方法:知的障害者の親または作業所職員59名に対する自由記述式質問紙調査を行った.内容分析は,川喜田二郎によって開発されたKJ法(「紙切れづくり」および「グループ編成」)を用いて実施された.3名の作業者(保健師2名と心理学者1名)が,知的障害者が身体活動または好ましい食行動を実施することの障壁,およびメタボリックシンドローム予防のための方策を集約した.

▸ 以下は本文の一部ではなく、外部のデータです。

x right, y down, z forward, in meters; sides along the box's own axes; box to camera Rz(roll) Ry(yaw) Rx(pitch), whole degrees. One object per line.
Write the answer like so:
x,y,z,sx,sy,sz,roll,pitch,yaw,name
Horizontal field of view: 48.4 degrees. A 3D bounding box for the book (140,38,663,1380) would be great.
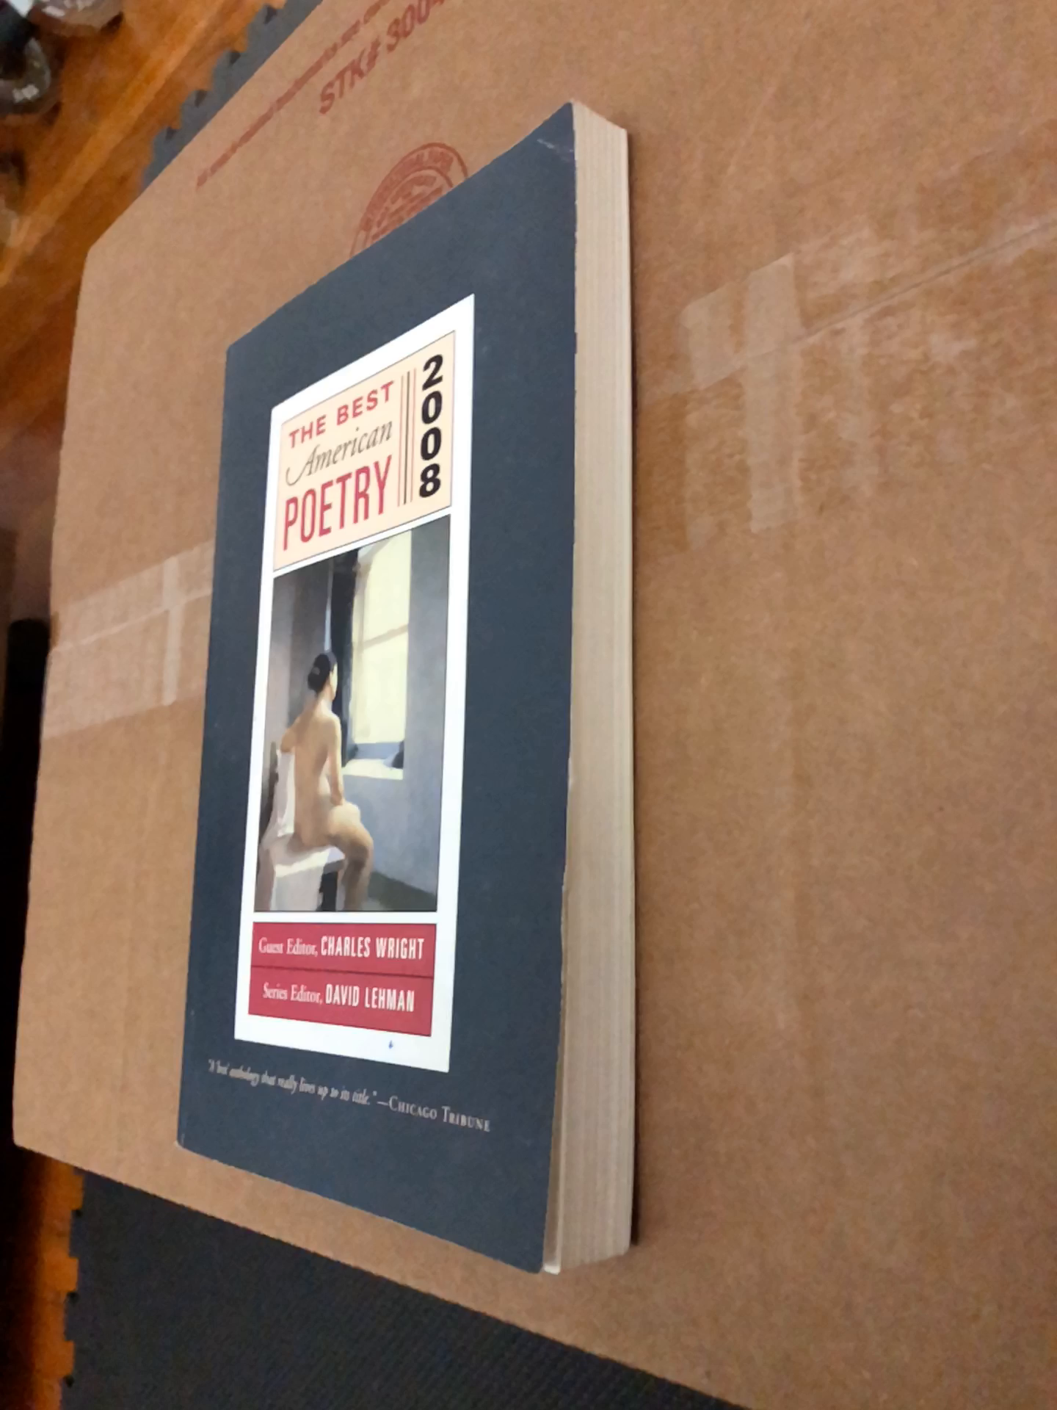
-0.035,-0.001,0.259,0.151,0.020,0.230,-13,72,47,book

結果:身体活動を実施することの障壁として12の下位カテゴリが,好ましい食行動を実施することの障壁としては10の下位カテゴリが,メタボリックシンドローム予防のための方策としては14の下位カテゴリが得られた.さらに,12の身体活動を実施することの障壁として「本人系(例,始められない)」「施設系(例,施設がない)」「関与者系(例,支援してくれる人がいない)」という上位カテゴリにまとめられた.また,10の好ましい食行動を実施することの障壁は,「本人系(例,食事のバランスが悪い)」と「関与者系(例,本人に食事について学ばせる機会がない)」という上位カテゴリにまとめられた.最後に,14のメタボリックシンドローム予防のための方策は,「食行動系(例,おやつを控える)」「身体活動系(例,歩く)」「食行動・身体活動以外系(例,記録を取る)」という上位カテゴリにまとめられた.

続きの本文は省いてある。